All mammals, horses included, continually leak very low levels of albumin. Only amounts of albumin found in fecal matter in excess of 2ppm represent a true health concern.

Albumin Produced by Low-Grade and Severe Injuries

Albumin is present any time there is an open wound that causes active vascular bleeding, producing whole blood, such as a grade 2 or higher ulceration. It is also released from less severe wounds, such as weeping sores, or other mild injuries that seep plasma but don’t actively bleed.

Because albumin may be present at the site of a weeping sore (a compromised basement membrane), albumin in a horse’s feces may indicate a condition in the hindgut.

A Positive Equine Fecal Blood Test Result for Albumin

If you have received a positive result for albumin on the SUCCEED Equine Fecal Blood Test, the horse is suffering from a pathology in the hindgut specifically. The test has been carefully calibrated to only detect albumin in amounts great enough to reflect a true pathological condition.

Potential conditions include but are not limited to:

  • colonic ulceration
  • colitis
  • protein losing enteropathy
  • parasites
  • endotoxemia
  • inflammatory bowel disease

The results of the Albumin test provide an indiciation of hindgut injury. Combined with results for hemoglobin in the horse’s feces, the FBT may indicate whole blood loss in the hindgut and/or a corresponding foregut issue.

Albumin and Hemoglobin Results Together on the FBT

When results for albumin and hemoglobin are used together, veterinarians have a useful tool to help determine whether the source of injury is in the horse’s foregut, hindgut, or both.

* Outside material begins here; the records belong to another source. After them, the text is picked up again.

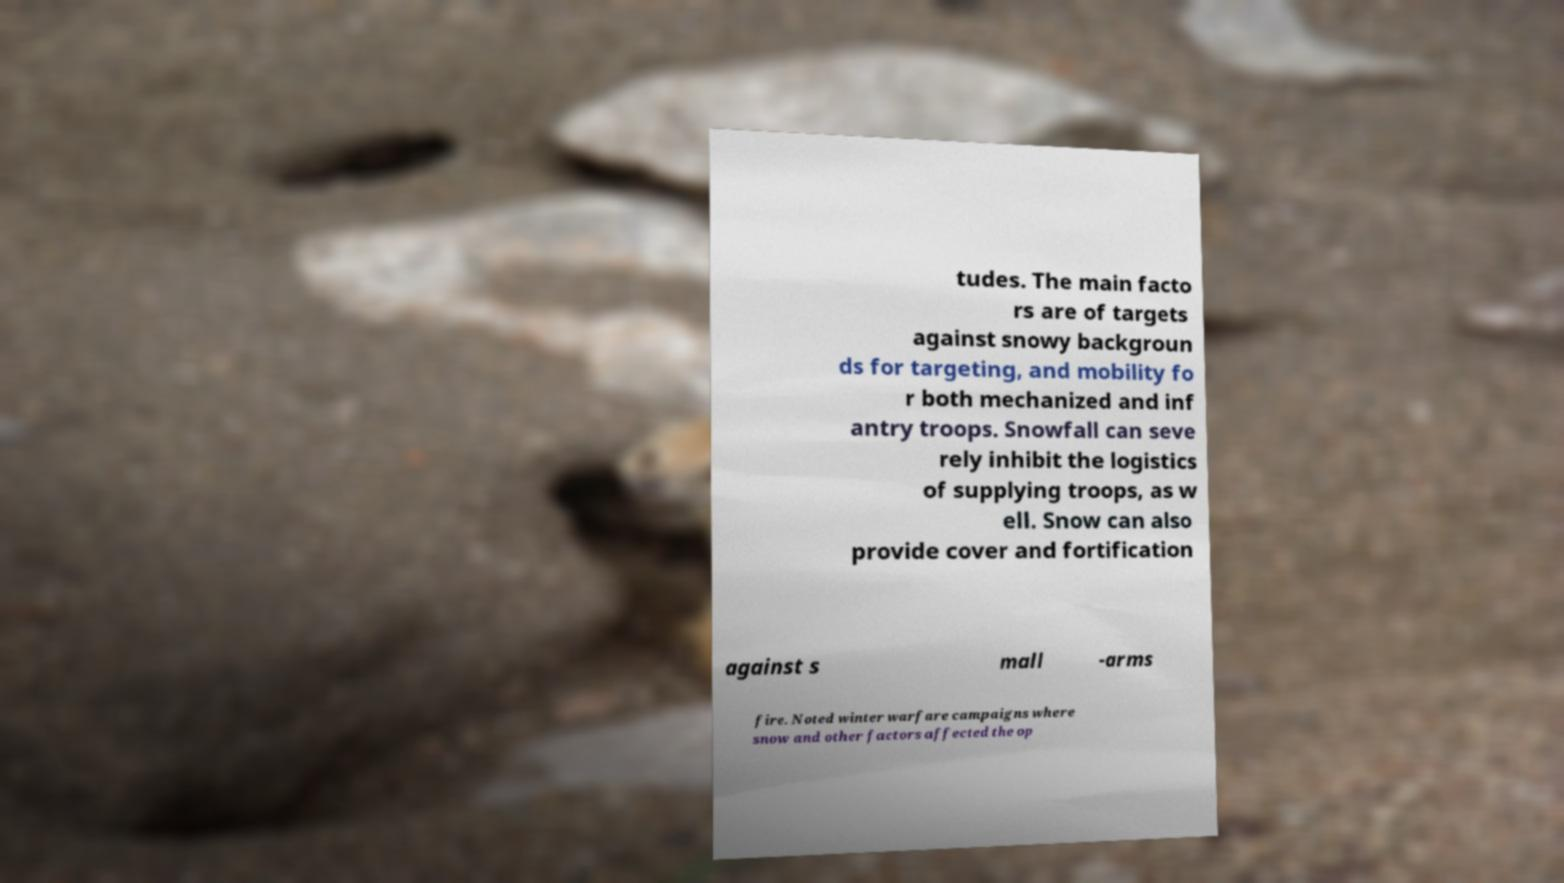Can you read and provide the text displayed in the image?This photo seems to have some interesting text. Can you extract and type it out for me? tudes. The main facto rs are of targets against snowy backgroun ds for targeting, and mobility fo r both mechanized and inf antry troops. Snowfall can seve rely inhibit the logistics of supplying troops, as w ell. Snow can also provide cover and fortification against s mall -arms fire. Noted winter warfare campaigns where snow and other factors affected the op 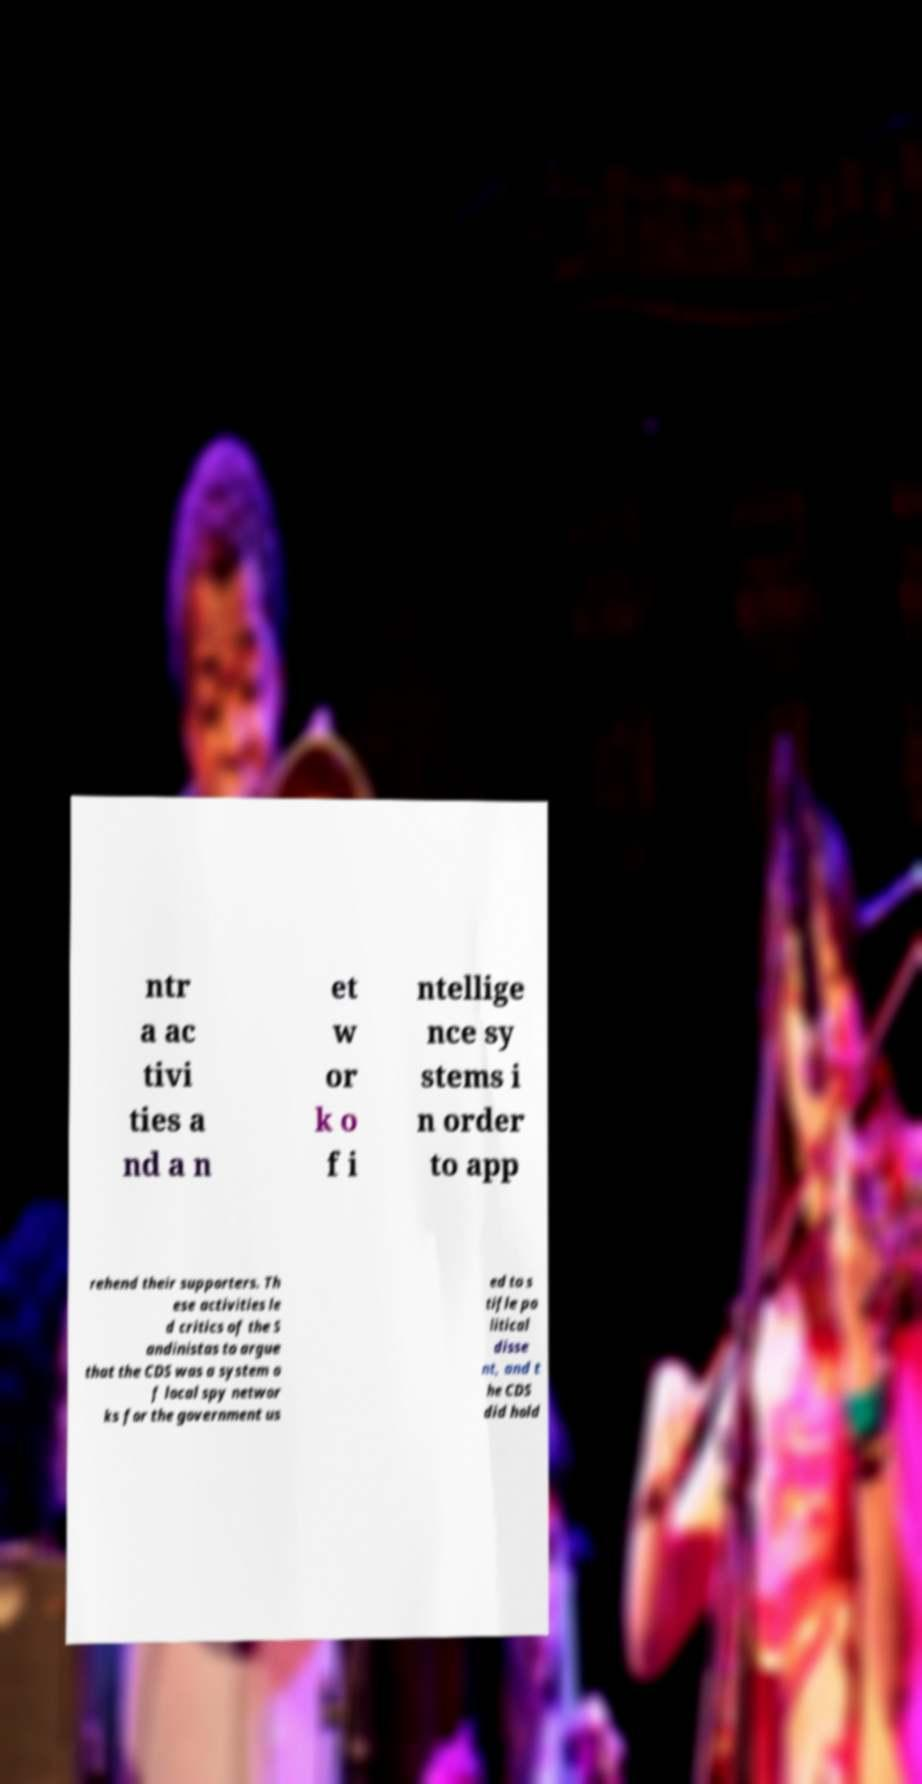Can you read and provide the text displayed in the image?This photo seems to have some interesting text. Can you extract and type it out for me? ntr a ac tivi ties a nd a n et w or k o f i ntellige nce sy stems i n order to app rehend their supporters. Th ese activities le d critics of the S andinistas to argue that the CDS was a system o f local spy networ ks for the government us ed to s tifle po litical disse nt, and t he CDS did hold 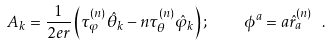Convert formula to latex. <formula><loc_0><loc_0><loc_500><loc_500>A _ { k } = \frac { 1 } { 2 e r } \left ( \tau _ { \varphi } ^ { ( n ) } { \hat { \theta } } _ { k } - n \tau _ { \theta } ^ { ( n ) } { \hat { \varphi } } _ { k } \right ) ; \quad \phi ^ { a } = a { \hat { r } } _ { a } ^ { ( n ) } \ .</formula> 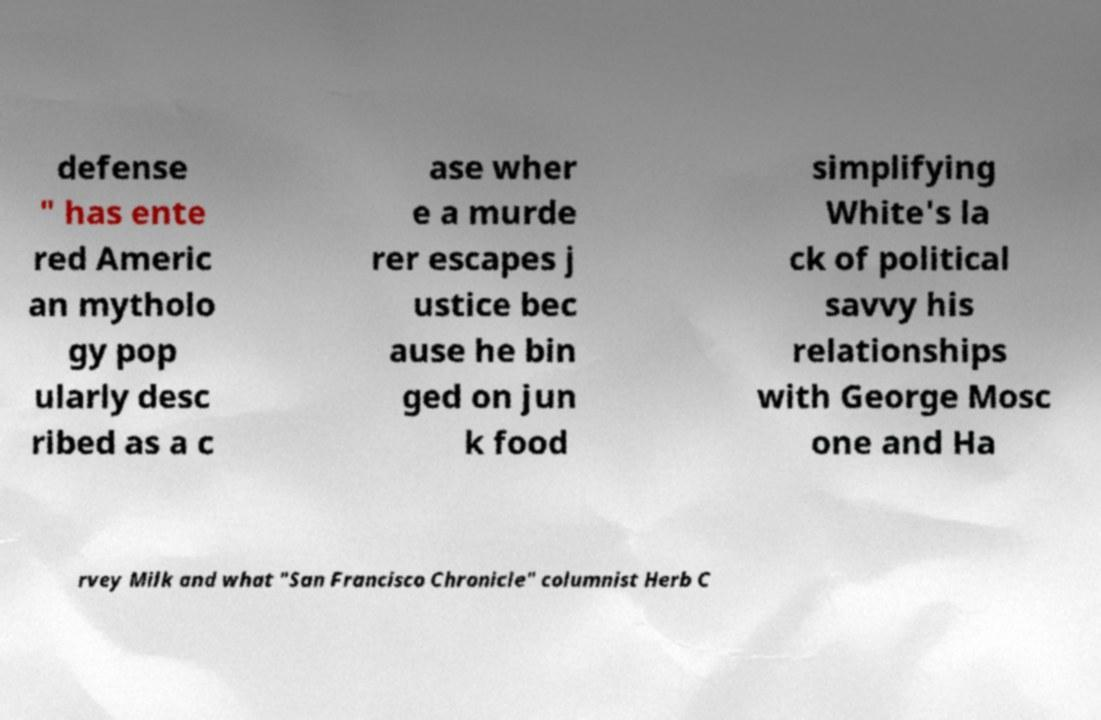For documentation purposes, I need the text within this image transcribed. Could you provide that? defense " has ente red Americ an mytholo gy pop ularly desc ribed as a c ase wher e a murde rer escapes j ustice bec ause he bin ged on jun k food simplifying White's la ck of political savvy his relationships with George Mosc one and Ha rvey Milk and what "San Francisco Chronicle" columnist Herb C 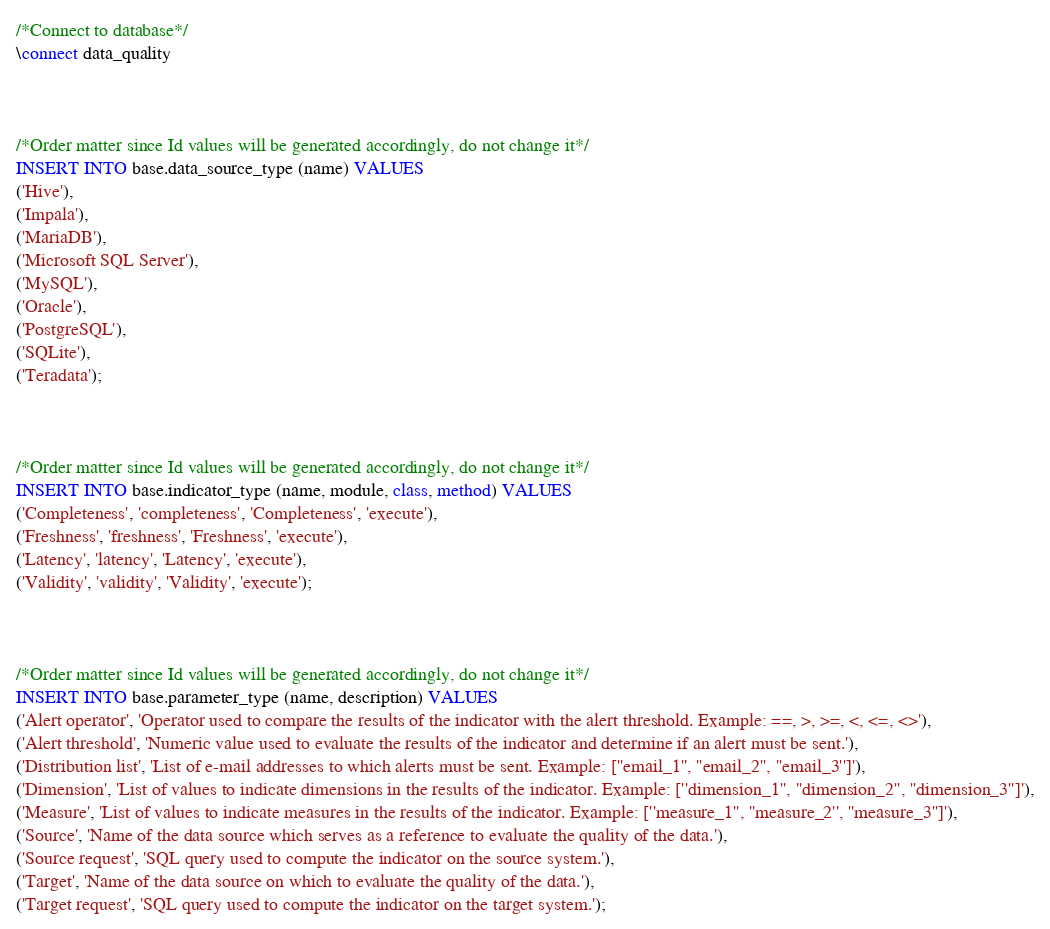Convert code to text. <code><loc_0><loc_0><loc_500><loc_500><_SQL_>/*Connect to database*/
\connect data_quality



/*Order matter since Id values will be generated accordingly, do not change it*/
INSERT INTO base.data_source_type (name) VALUES
('Hive'),
('Impala'),
('MariaDB'),
('Microsoft SQL Server'),
('MySQL'),
('Oracle'),
('PostgreSQL'),
('SQLite'),
('Teradata');



/*Order matter since Id values will be generated accordingly, do not change it*/
INSERT INTO base.indicator_type (name, module, class, method) VALUES
('Completeness', 'completeness', 'Completeness', 'execute'),
('Freshness', 'freshness', 'Freshness', 'execute'),
('Latency', 'latency', 'Latency', 'execute'),
('Validity', 'validity', 'Validity', 'execute');



/*Order matter since Id values will be generated accordingly, do not change it*/
INSERT INTO base.parameter_type (name, description) VALUES
('Alert operator', 'Operator used to compare the results of the indicator with the alert threshold. Example: ==, >, >=, <, <=, <>'),
('Alert threshold', 'Numeric value used to evaluate the results of the indicator and determine if an alert must be sent.'),
('Distribution list', 'List of e-mail addresses to which alerts must be sent. Example: [''email_1'', ''email_2'', ''email_3'']'),
('Dimension', 'List of values to indicate dimensions in the results of the indicator. Example: [''dimension_1'', ''dimension_2'', ''dimension_3'']'),
('Measure', 'List of values to indicate measures in the results of the indicator. Example: [''measure_1'', ''measure_2'', ''measure_3'']'),
('Source', 'Name of the data source which serves as a reference to evaluate the quality of the data.'),
('Source request', 'SQL query used to compute the indicator on the source system.'),
('Target', 'Name of the data source on which to evaluate the quality of the data.'),
('Target request', 'SQL query used to compute the indicator on the target system.');
</code> 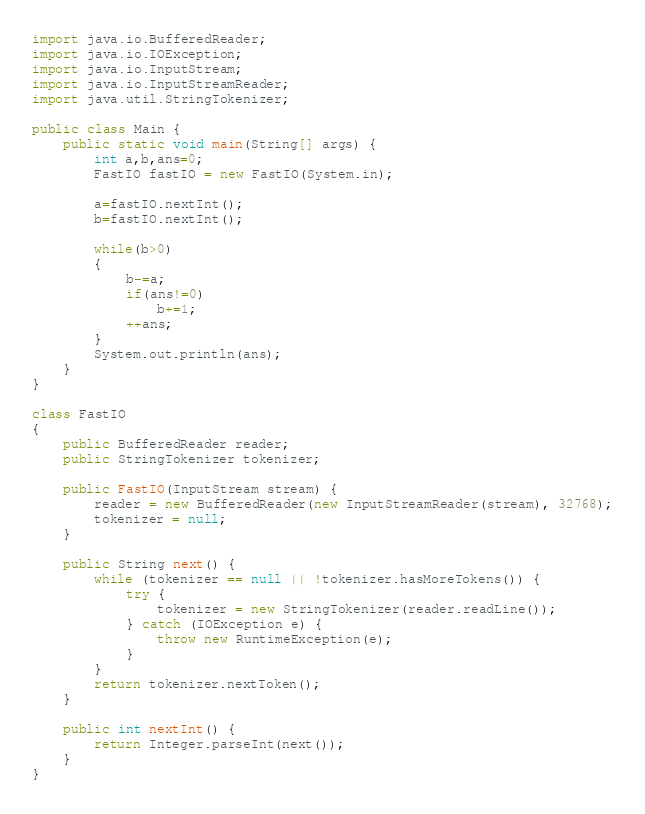Convert code to text. <code><loc_0><loc_0><loc_500><loc_500><_Java_>import java.io.BufferedReader;
import java.io.IOException;
import java.io.InputStream;
import java.io.InputStreamReader;
import java.util.StringTokenizer;

public class Main {
    public static void main(String[] args) {
        int a,b,ans=0;
        FastIO fastIO = new FastIO(System.in);

        a=fastIO.nextInt();
        b=fastIO.nextInt();

        while(b>0)
        {
            b-=a;
            if(ans!=0)
                b+=1;
            ++ans;
        }
        System.out.println(ans);
    }
}

class FastIO
{
    public BufferedReader reader;
    public StringTokenizer tokenizer;

    public FastIO(InputStream stream) {
        reader = new BufferedReader(new InputStreamReader(stream), 32768);
        tokenizer = null;
    }

    public String next() {
        while (tokenizer == null || !tokenizer.hasMoreTokens()) {
            try {
                tokenizer = new StringTokenizer(reader.readLine());
            } catch (IOException e) {
                throw new RuntimeException(e);
            }
        }
        return tokenizer.nextToken();
    }

    public int nextInt() {
        return Integer.parseInt(next());
    }
}
</code> 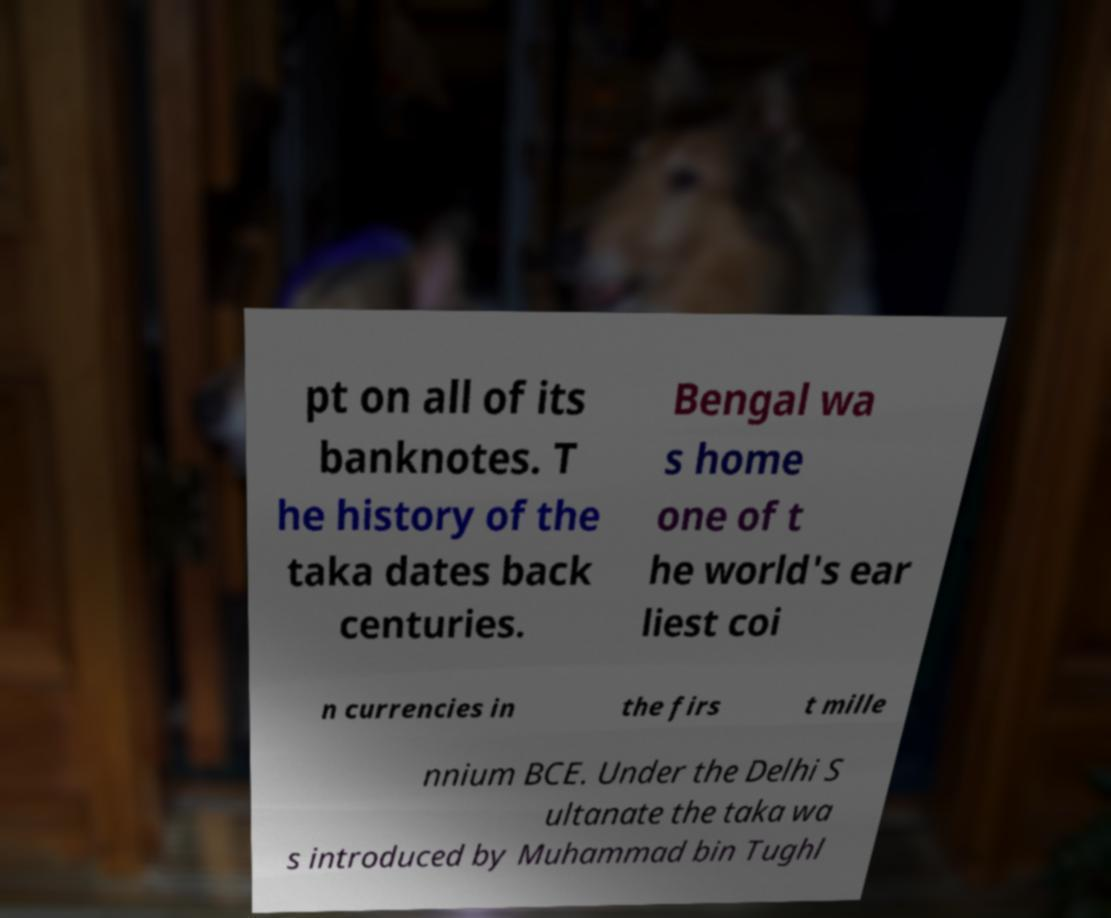Can you accurately transcribe the text from the provided image for me? pt on all of its banknotes. T he history of the taka dates back centuries. Bengal wa s home one of t he world's ear liest coi n currencies in the firs t mille nnium BCE. Under the Delhi S ultanate the taka wa s introduced by Muhammad bin Tughl 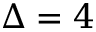Convert formula to latex. <formula><loc_0><loc_0><loc_500><loc_500>\Delta = 4</formula> 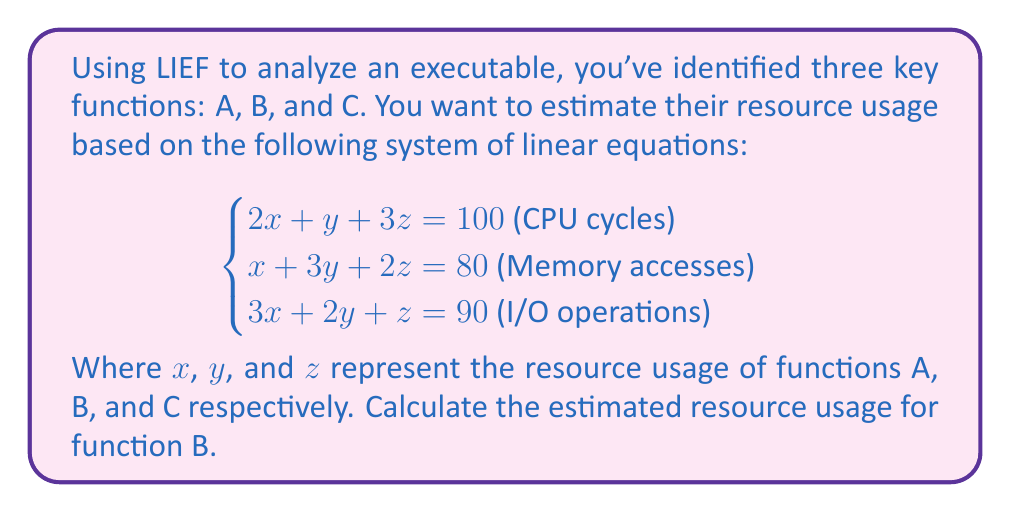What is the answer to this math problem? To solve this system of linear equations, we'll use the elimination method:

1) Multiply the first equation by 3 and the third equation by -2:
   $$\begin{cases}
   6x + 3y + 9z = 300 \\
   x + 3y + 2z = 80 \\
   -6x - 4y - 2z = -180
   \end{cases}$$

2) Add these equations to eliminate x:
   $$-y + 7z = 200$$

3) Multiply the second equation by 3 and the new equation by 1:
   $$\begin{cases}
   3x + 9y + 6z = 240 \\
   -y + 7z = 200
   \end{cases}$$

4) Add these equations to eliminate y:
   $$3x + 13z = 440$$

5) Multiply the original second equation by 3 and this new equation by -1:
   $$\begin{cases}
   3x + 9y + 6z = 240 \\
   -3x - 13z = -440
   \end{cases}$$

6) Add these equations:
   $$9y - 7z = -200$$

7) Now we have two equations with two unknowns:
   $$\begin{cases}
   -y + 7z = 200 \\
   9y - 7z = -200
   \end{cases}$$

8) Add these equations:
   $$8y = 0$$
   $$y = 0$$

9) Substitute this back into $-y + 7z = 200$:
   $$7z = 200$$
   $$z = \frac{200}{7} \approx 28.57$$

10) Substitute y and z into the original second equation:
    $$x + 3(0) + 2(28.57) = 80$$
    $$x + 57.14 = 80$$
    $$x = 22.86$$

Therefore, $y = 0$, which represents the resource usage of function B.
Answer: 0 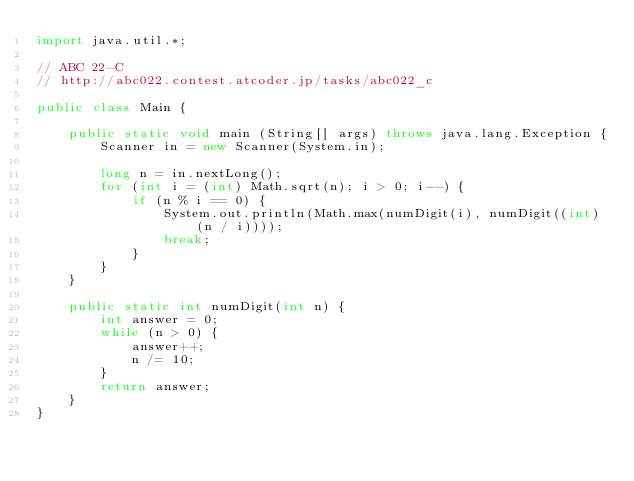Convert code to text. <code><loc_0><loc_0><loc_500><loc_500><_Java_>import java.util.*;

// ABC 22-C
// http://abc022.contest.atcoder.jp/tasks/abc022_c
 
public class Main {

	public static void main (String[] args) throws java.lang.Exception {
		Scanner in = new Scanner(System.in);
		
		long n = in.nextLong();
		for (int i = (int) Math.sqrt(n); i > 0; i--) {
			if (n % i == 0) {
				System.out.println(Math.max(numDigit(i), numDigit((int) (n / i))));
				break;
			}
		}
	}
	
	public static int numDigit(int n) {
		int answer = 0;
		while (n > 0) {
			answer++;
			n /= 10;
		}
		return answer;
	}
}</code>

Here’s what the combination of results shows:

  • Positive for albumin only represents injury in the hindgut only.
  • Positive for hemoglobin only represents a bleeding injury in the foregut only.
  • Positive for both hemoglobin and albumin indicates a definite hindgut condition, and a potential foregut condition.
  • Negative for both hemoglobin and albumin generally indicates no hindgut condition, and no foregut conditions equivalent to grade 2 or higher. However, a low-grade foregut condition, such as a grade 1 gastric ulcer is still possible.

It is critical to remember that ulcers can bleed intermittently or, in severe cases where colonic tissue has died and necrosis has occurred, they won’t bleed at all. We recommend testing a horse multiple times with the FBT for the most accurate results.

Remember that the FBT does not provide a diagnosis. Veterinarians should always use FBT results in conjunction with the horse’s history, symptomatology, and other diagnostics when evaluating digestive wellness or diagnosing health conditions and prescribing treatment.